Sara is a mama of four children, two of them being surprise identical twin girls. She is happily married to the love of her life, stays home with her children and is currently homeschooling her oldest child. Most of her writing is centered around raising awareness about Crouzon Syndrome and cleft palates, advocating for your child, homeschooling and raising multiples. Find her blog at confessionsofanoutnumberedmom.com.

53 thoughts on “Children Matter, But Not Above All Else”

  1. Absolutely with you 100% on this. I firmly believe the above too, and we run a much happier ship for it but it has actually been suggested to me that it is a selfish attitude which I take offence to because a happy mama = a happy family ultimately! Great post. #twinklytuesday

  2. I absolutely LOVE this post. The points you make are so valid.

    Before my son was born I had this misguided idea that my entire life had been about this event, about being a mother. And that when I was a mum the rest of my life would just fade into the background.

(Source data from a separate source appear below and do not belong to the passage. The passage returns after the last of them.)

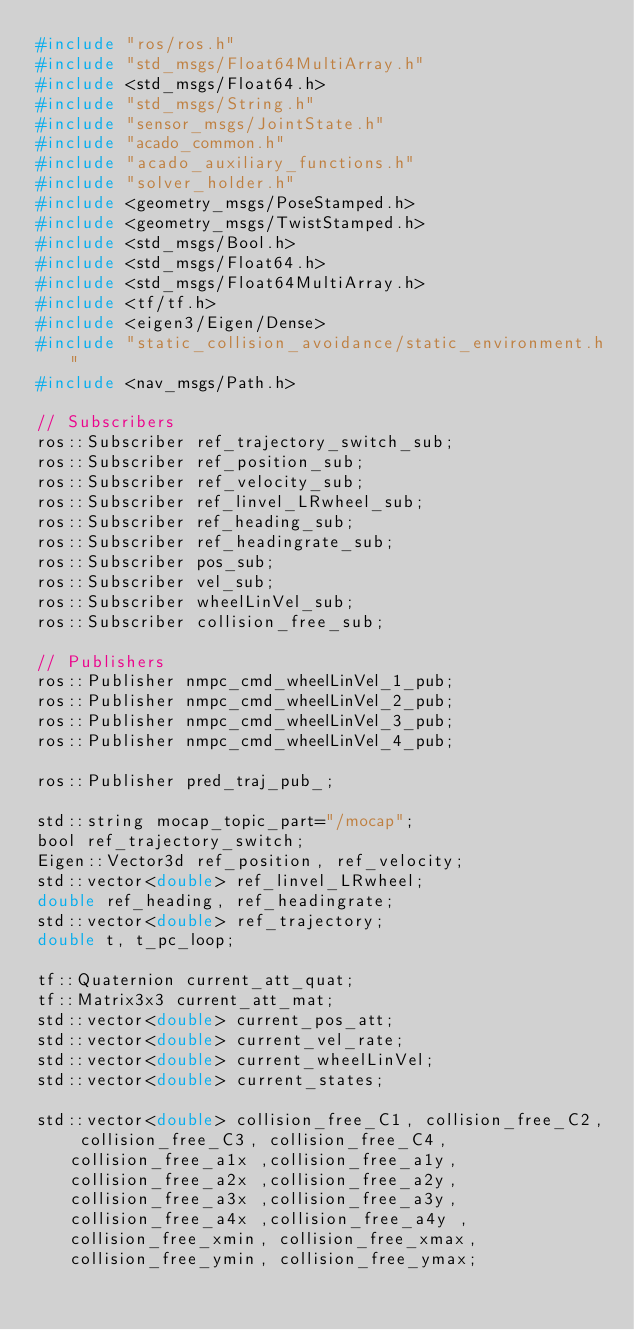<code> <loc_0><loc_0><loc_500><loc_500><_C_>#include "ros/ros.h"
#include "std_msgs/Float64MultiArray.h"
#include <std_msgs/Float64.h>
#include "std_msgs/String.h"
#include "sensor_msgs/JointState.h"
#include "acado_common.h"
#include "acado_auxiliary_functions.h"
#include "solver_holder.h"
#include <geometry_msgs/PoseStamped.h>
#include <geometry_msgs/TwistStamped.h>
#include <std_msgs/Bool.h>
#include <std_msgs/Float64.h>
#include <std_msgs/Float64MultiArray.h>
#include <tf/tf.h>
#include <eigen3/Eigen/Dense>
#include "static_collision_avoidance/static_environment.h"
#include <nav_msgs/Path.h>

// Subscribers
ros::Subscriber ref_trajectory_switch_sub;
ros::Subscriber ref_position_sub;
ros::Subscriber ref_velocity_sub;
ros::Subscriber ref_linvel_LRwheel_sub;
ros::Subscriber ref_heading_sub;
ros::Subscriber ref_headingrate_sub;
ros::Subscriber pos_sub;
ros::Subscriber vel_sub;
ros::Subscriber wheelLinVel_sub;
ros::Subscriber collision_free_sub;

// Publishers
ros::Publisher nmpc_cmd_wheelLinVel_1_pub;
ros::Publisher nmpc_cmd_wheelLinVel_2_pub;
ros::Publisher nmpc_cmd_wheelLinVel_3_pub;
ros::Publisher nmpc_cmd_wheelLinVel_4_pub;

ros::Publisher pred_traj_pub_;

std::string mocap_topic_part="/mocap";
bool ref_trajectory_switch;
Eigen::Vector3d ref_position, ref_velocity;
std::vector<double> ref_linvel_LRwheel;
double ref_heading, ref_headingrate;
std::vector<double> ref_trajectory;
double t, t_pc_loop;

tf::Quaternion current_att_quat;
tf::Matrix3x3 current_att_mat;
std::vector<double> current_pos_att;
std::vector<double> current_vel_rate;
std::vector<double> current_wheelLinVel;
std::vector<double> current_states;

std::vector<double> collision_free_C1, collision_free_C2, collision_free_C3, collision_free_C4, collision_free_a1x ,collision_free_a1y, collision_free_a2x ,collision_free_a2y, collision_free_a3x ,collision_free_a3y, collision_free_a4x ,collision_free_a4y , collision_free_xmin, collision_free_xmax, collision_free_ymin, collision_free_ymax;
</code> 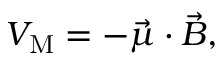Convert formula to latex. <formula><loc_0><loc_0><loc_500><loc_500>V _ { M } = - { \vec { \mu } } \cdot { \vec { B } } ,</formula> 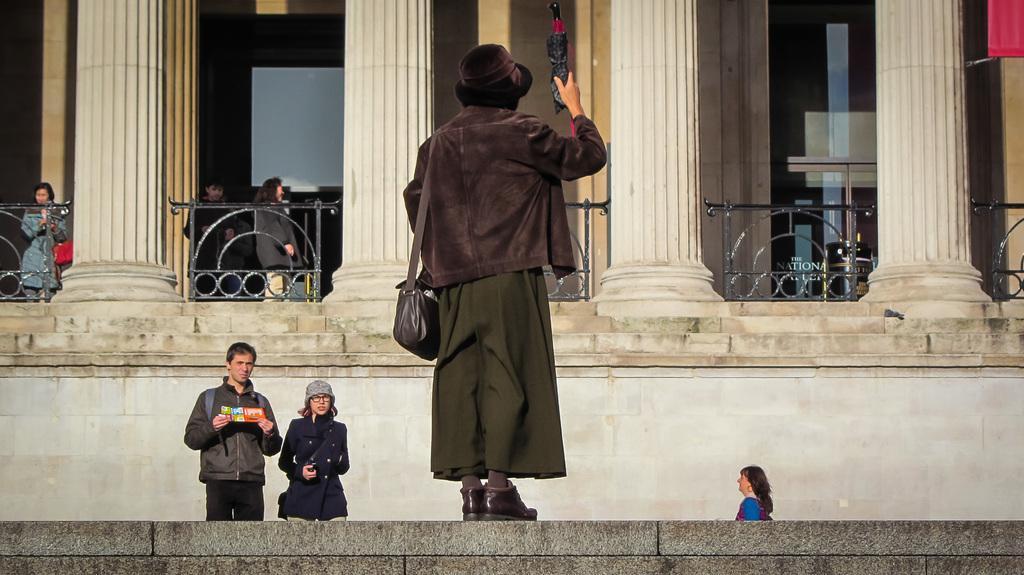Could you give a brief overview of what you see in this image? In the center of the image, we can see a person wearing a bag, coat and a hat and holding an umbrella and standing on the wall. In the background, there are some other people and are wearing coats and one of them is holding an object and we can see railings, pillars and there is a wall. 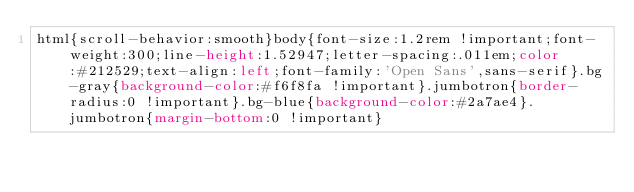Convert code to text. <code><loc_0><loc_0><loc_500><loc_500><_CSS_>html{scroll-behavior:smooth}body{font-size:1.2rem !important;font-weight:300;line-height:1.52947;letter-spacing:.011em;color:#212529;text-align:left;font-family:'Open Sans',sans-serif}.bg-gray{background-color:#f6f8fa !important}.jumbotron{border-radius:0 !important}.bg-blue{background-color:#2a7ae4}.jumbotron{margin-bottom:0 !important}</code>

    In reality this idea is completely unrealistic and, frankly, stupid. Like you say, children are a HUGE, amazing part of your world but they shouldn’t be your WHOLE world as that just leads to unhealthy parents AND unhealthy kids. Plus, at some point those kids will leave home and if you have little else that is going to be a very difficult time as a parent.

    Getting time alone is hard (and I only have one! How you do it with four is beyond me!) but so important. Hubs and I try to have a date night once a month, and when we are with my son with try to teach him to spend some time playing alone and if Hubs and I are having a conversation we are teaching him to be patient and not interrupt until we are finished (he is two so this is a work in progress!). Small things like this I believe prepare him for life and help him to become a polite, well adjusted child.

    In terms of making time for ME, I am lucky that I’m able to work part time, which is ideal for me, and those two days of adult interaction refresh me as a mum. And I also find blogging and other hobbies help me with self care too.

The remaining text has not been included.